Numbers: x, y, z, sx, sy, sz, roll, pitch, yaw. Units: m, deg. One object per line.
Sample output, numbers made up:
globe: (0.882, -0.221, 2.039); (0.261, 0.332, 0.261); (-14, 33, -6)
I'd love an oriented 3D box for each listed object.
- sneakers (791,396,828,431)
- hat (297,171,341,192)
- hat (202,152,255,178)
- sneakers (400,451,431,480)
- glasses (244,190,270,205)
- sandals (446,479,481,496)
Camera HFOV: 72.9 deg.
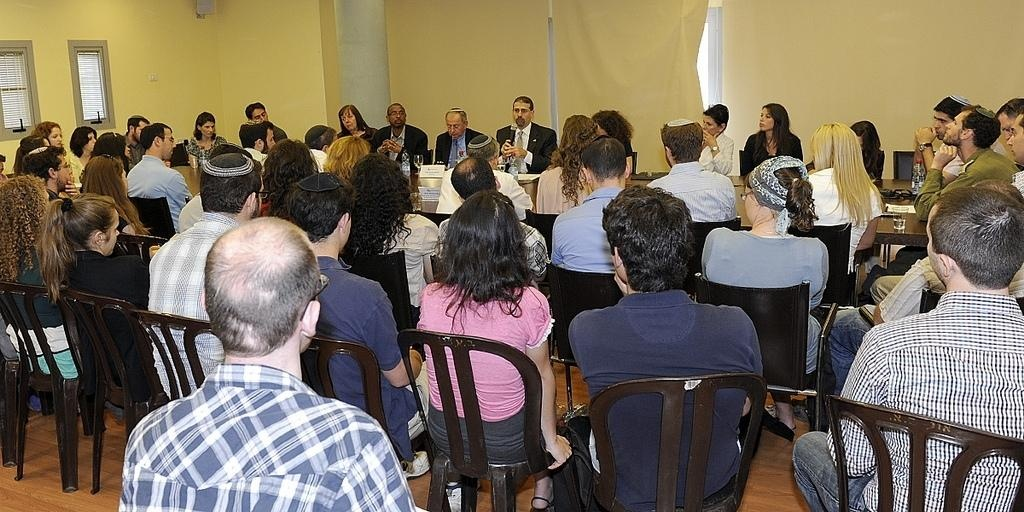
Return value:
sneakers: (2.049, 1.058, 4.798); (0.305, 0.263, 0.488); (-4, -21, 24)
hat: (-1.161, -0.449, 4.190); (0.263, 0.116, 0.136); (-4, 6, -18)
hat: (-1.835, -0.595, 4.492); (0.312, 0.165, 0.240); (-4, 6, -18)
sneakers: (-0.622, 1.374, 4.505); (0.165, 0.177, 0.120); (-4, 6, -14)
glasses: (-1.754, -0.410, 4.769); (0.171, 0.054, 0.170); (0, -13, -42)
sandals: (-0.296, 1.370, 4.147); (0.177, 0.122, 0.139); (-4, 6, -9)
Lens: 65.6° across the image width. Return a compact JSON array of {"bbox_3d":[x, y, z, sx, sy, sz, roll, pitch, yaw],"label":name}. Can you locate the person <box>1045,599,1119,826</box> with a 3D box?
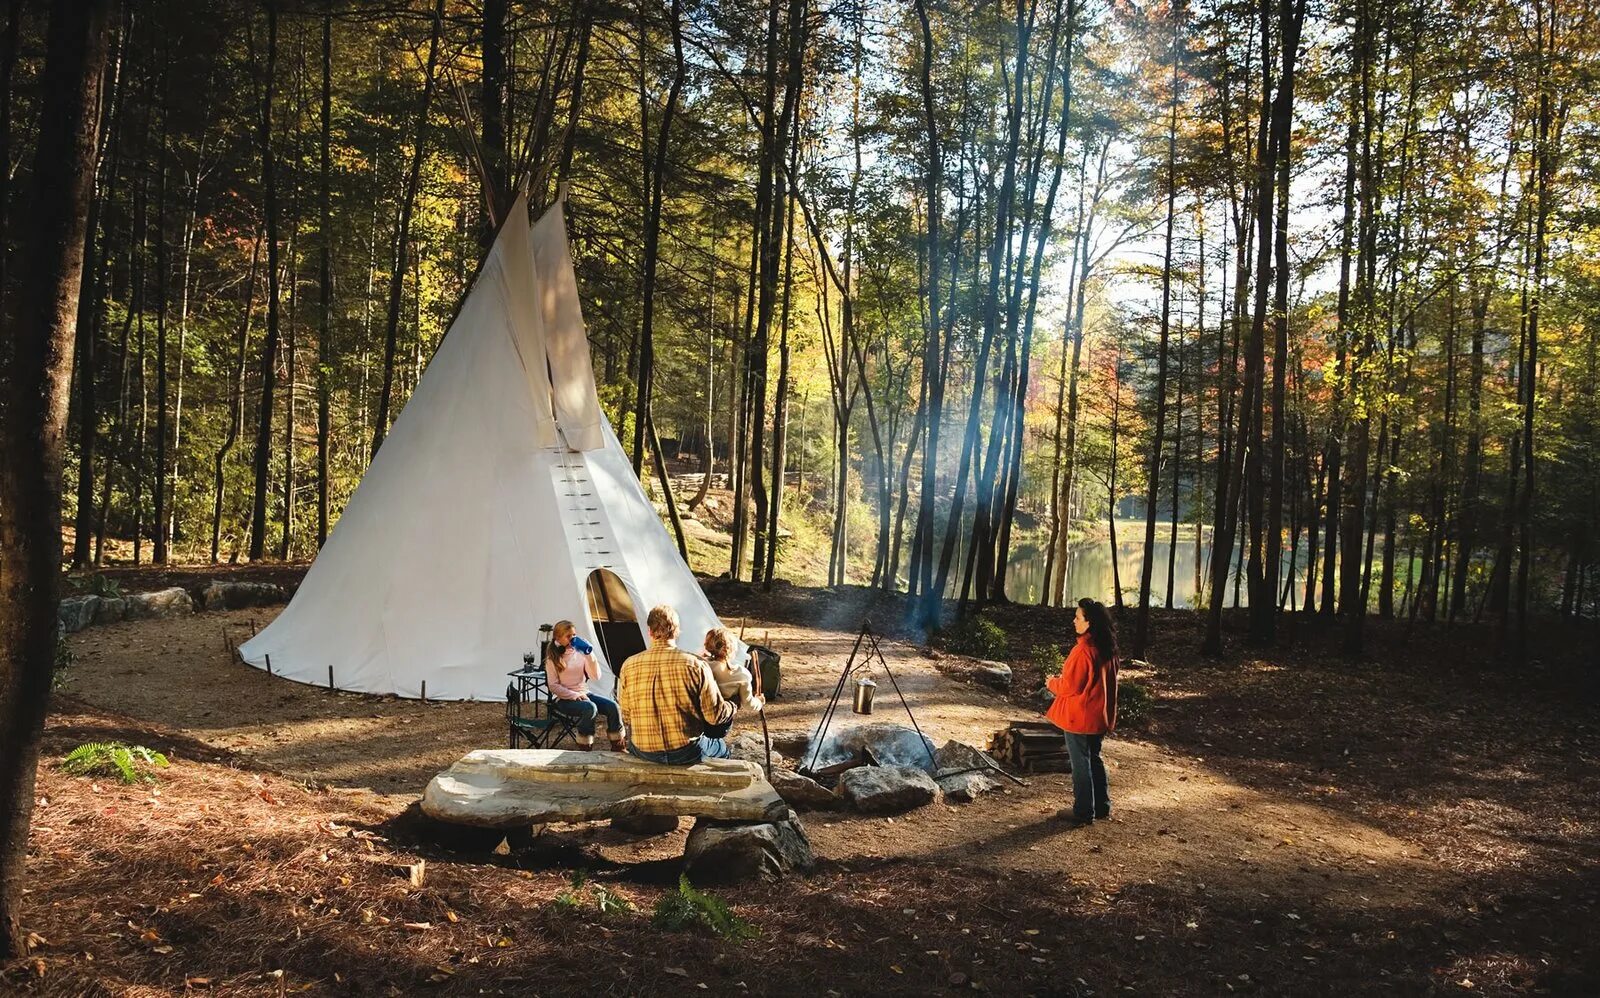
[{"bbox_3d":[4.706,3.487,20.581,1.011,3.633,1.136,3,-2,14],"label":"person"}]
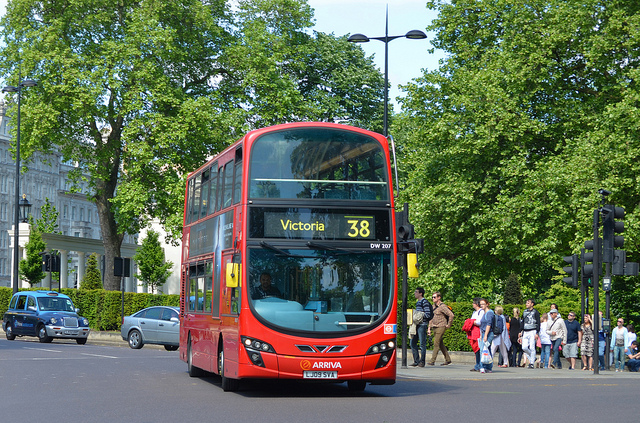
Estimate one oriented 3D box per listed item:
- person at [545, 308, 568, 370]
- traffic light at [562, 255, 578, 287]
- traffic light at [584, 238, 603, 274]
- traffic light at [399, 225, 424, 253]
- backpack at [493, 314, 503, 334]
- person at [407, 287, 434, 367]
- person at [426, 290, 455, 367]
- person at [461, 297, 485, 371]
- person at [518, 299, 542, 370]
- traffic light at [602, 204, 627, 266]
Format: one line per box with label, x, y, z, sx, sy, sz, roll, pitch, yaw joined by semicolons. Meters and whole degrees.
person;8.878;4.769;34.158;0.780;2.170;0.676;-4;-10;22
traffic light;8.779;2.123;31.880;0.498;1.133;0.924;-2;-10;15
traffic light;9.319;1.531;31.054;0.624;1.220;1.094;-2;-10;15
traffic light;2.758;0.843;28.277;0.486;0.826;1.223;-6;-11;30
backpack;6.544;4.190;33.603;0.593;0.669;0.205;8;-12;-40
person;3.497;4.104;32.144;0.883;2.500;1.046;-2;-3;38
person;4.129;4.176;32.022;1.409;2.482;0.977;5;-11;-25
person;5.289;4.229;31.229;0.854;2.294;0.700;1;-3;-40
person;7.992;4.619;34.627;0.718;2.452;0.829;-2;-3;24
traffic light;9.824;0.816;30.725;0.849;1.890;0.454;4;-9;-3
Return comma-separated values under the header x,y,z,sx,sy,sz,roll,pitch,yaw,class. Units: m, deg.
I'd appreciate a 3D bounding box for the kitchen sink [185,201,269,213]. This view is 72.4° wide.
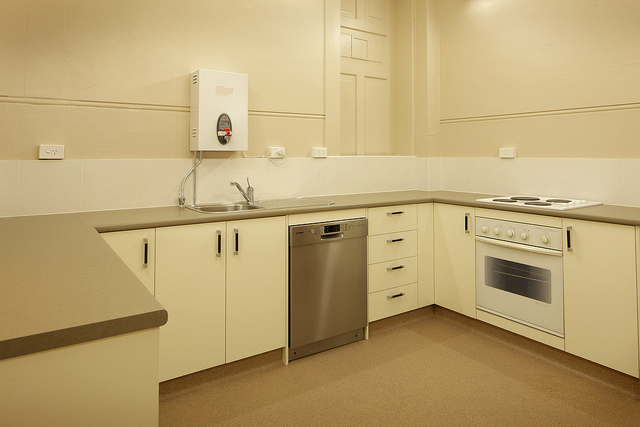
x,y,z,sx,sy,sz,roll,pitch,yaw,class
-0.771,-0.053,3.442,0.285,0.109,0.236,-5,9,-34,kitchen sink

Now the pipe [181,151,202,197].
x,y,z,sx,sy,sz,roll,pitch,yaw,class
-1.006,-0.313,3.419,0.197,0.341,0.087,-8,16,-26,pipe

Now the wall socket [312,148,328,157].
x,y,z,sx,sy,sz,roll,pitch,yaw,class
-0.009,-0.558,3.979,0.124,0.088,0.073,-2,7,-24,wall socket

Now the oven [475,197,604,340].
x,y,z,sx,sy,sz,roll,pitch,yaw,class
1.703,0.356,3.509,0.764,1.001,0.820,-14,15,-24,oven
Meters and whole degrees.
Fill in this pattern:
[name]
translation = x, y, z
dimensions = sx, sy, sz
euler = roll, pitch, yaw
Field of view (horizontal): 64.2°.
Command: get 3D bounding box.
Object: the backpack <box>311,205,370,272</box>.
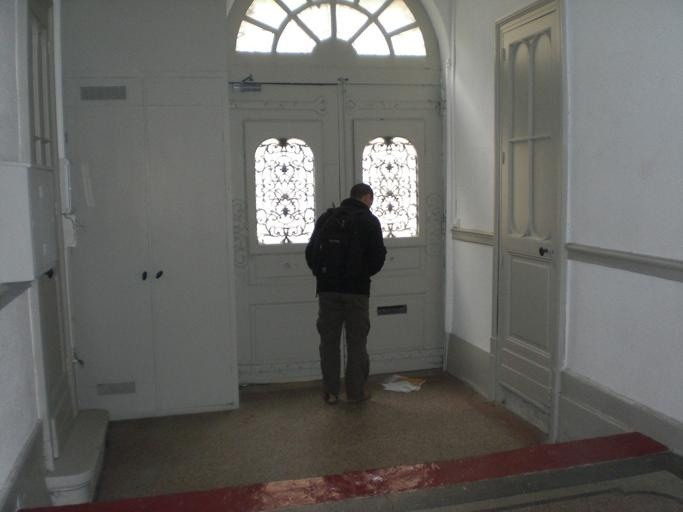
[backpack]
translation = 0.009, -0.125, 4.181
dimensions = 0.360, 0.565, 0.296
euler = 5, -13, 28
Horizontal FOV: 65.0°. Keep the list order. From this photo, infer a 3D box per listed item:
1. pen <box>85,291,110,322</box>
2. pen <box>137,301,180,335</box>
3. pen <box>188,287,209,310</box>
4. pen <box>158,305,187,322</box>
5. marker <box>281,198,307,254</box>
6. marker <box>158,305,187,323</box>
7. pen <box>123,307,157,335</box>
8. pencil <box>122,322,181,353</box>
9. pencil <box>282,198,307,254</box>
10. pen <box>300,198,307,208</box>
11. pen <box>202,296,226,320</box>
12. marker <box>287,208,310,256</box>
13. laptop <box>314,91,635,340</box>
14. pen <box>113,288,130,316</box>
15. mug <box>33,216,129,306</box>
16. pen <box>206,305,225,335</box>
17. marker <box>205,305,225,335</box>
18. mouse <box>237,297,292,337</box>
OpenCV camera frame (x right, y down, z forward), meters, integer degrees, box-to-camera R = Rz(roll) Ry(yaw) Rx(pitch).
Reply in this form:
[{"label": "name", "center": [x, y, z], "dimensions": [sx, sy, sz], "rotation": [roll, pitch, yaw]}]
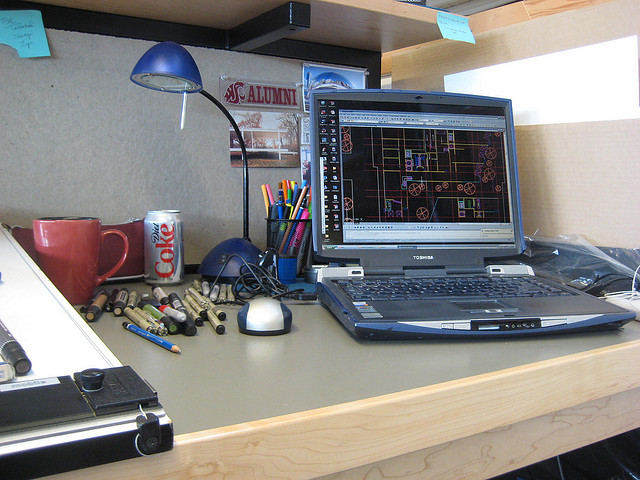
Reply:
[{"label": "pen", "center": [-0.364, 0.112, 0.820], "dimensions": [0.022, 0.015, 0.096], "rotation": [3, 15, -12]}, {"label": "pen", "center": [-0.254, 0.117, 0.766], "dimensions": [0.029, 0.020, 0.138], "rotation": [3, 13, -38]}, {"label": "pen", "center": [-0.207, 0.100, 0.851], "dimensions": [0.017, 0.016, 0.088], "rotation": [-20, 19, -15]}, {"label": "pen", "center": [-0.227, 0.111, 0.776], "dimensions": [0.060, 0.016, 0.016], "rotation": [9, 45, 48]}, {"label": "marker", "center": [-0.056, -0.028, 1.075], "dimensions": [0.012, 0.137, 0.011], "rotation": [32, 2, -26]}, {"label": "marker", "center": [-0.228, 0.111, 0.779], "dimensions": [0.061, 0.015, 0.017], "rotation": [16, -17, 47]}, {"label": "pen", "center": [-0.273, 0.123, 0.761], "dimensions": [0.024, 0.017, 0.101], "rotation": [-31, 31, -32]}, {"label": "pencil", "center": [-0.242, 0.142, 0.722], "dimensions": [0.092, 0.011, 0.009], "rotation": [14, 58, 29]}, {"label": "pencil", "center": [-0.056, -0.029, 1.075], "dimensions": [0.011, 0.138, 0.012], "rotation": [33, -5, 30]}, {"label": "pen", "center": [-0.034, -0.078, 1.074], "dimensions": [0.009, 0.020, 0.005], "rotation": [20, -16, 0]}, {"label": "pen", "center": [-0.167, 0.116, 0.813], "dimensions": [0.018, 0.014, 0.093], "rotation": [-26, 30, -23]}, {"label": "marker", "center": [-0.044, -0.018, 1.076], "dimensions": [0.021, 0.130, 0.019], "rotation": [28, 4, -2]}, {"label": "laptop", "center": [0.216, -0.071, 0.862], "dimensions": [0.451, 0.391, 0.365], "rotation": [-3, 12, -6]}, {"label": "pen", "center": [-0.330, 0.106, 0.855], "dimensions": [0.015, 0.015, 0.076], "rotation": [30, 8, -13]}, {"label": "mug", "center": [-0.411, 0.028, 0.937], "dimensions": [0.231, 0.167, 0.138], "rotation": [-3, 5, -33]}, {"label": "pen", "center": [-0.162, 0.126, 0.773], "dimensions": [0.015, 0.011, 0.066], "rotation": [-3, 10, -26]}, {"label": "marker", "center": [-0.164, 0.125, 0.775], "dimensions": [0.016, 0.011, 0.063], "rotation": [-3, 12, -28]}, {"label": "mouse", "center": [-0.090, 0.110, 0.797], "dimensions": [0.095, 0.037, 0.117], "rotation": [2, 10, -9]}]
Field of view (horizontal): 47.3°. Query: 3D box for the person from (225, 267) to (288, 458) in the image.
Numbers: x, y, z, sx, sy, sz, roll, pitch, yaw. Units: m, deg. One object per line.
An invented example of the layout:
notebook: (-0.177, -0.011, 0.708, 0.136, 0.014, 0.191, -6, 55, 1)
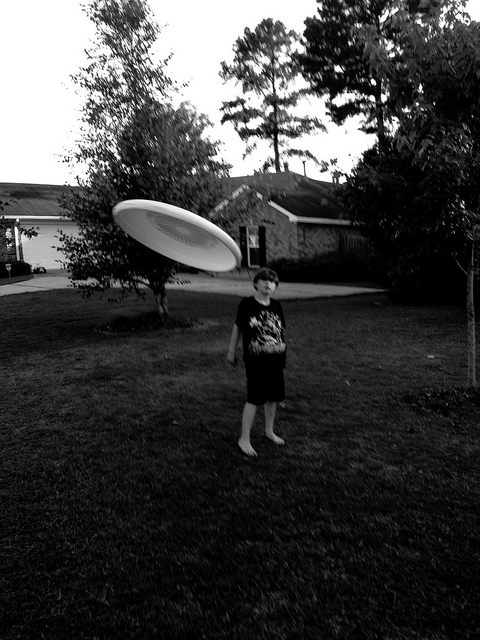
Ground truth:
person: (0.163, 0.276, 4.989, 0.501, 1.489, 1.593, 0, 6, 4)

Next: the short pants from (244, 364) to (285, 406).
short pants: (0.192, 0.476, 4.402, 0.308, 0.517, 0.255, 0, 2, 4)
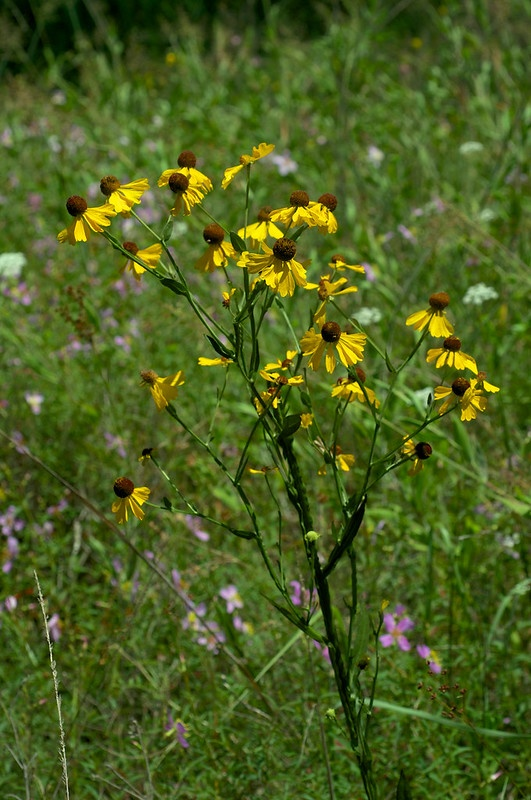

********

About this exercise: From the records above, print exactly the lines that run from the line with "- sneakers (791,396,828,431)" to the line with "Camera HFOV: 72.9 deg.", inclusive.

The completed task:
- sneakers (791,396,828,431)
- hat (297,171,341,192)
- hat (202,152,255,178)
- sneakers (400,451,431,480)
- glasses (244,190,270,205)
- sandals (446,479,481,496)
Camera HFOV: 72.9 deg.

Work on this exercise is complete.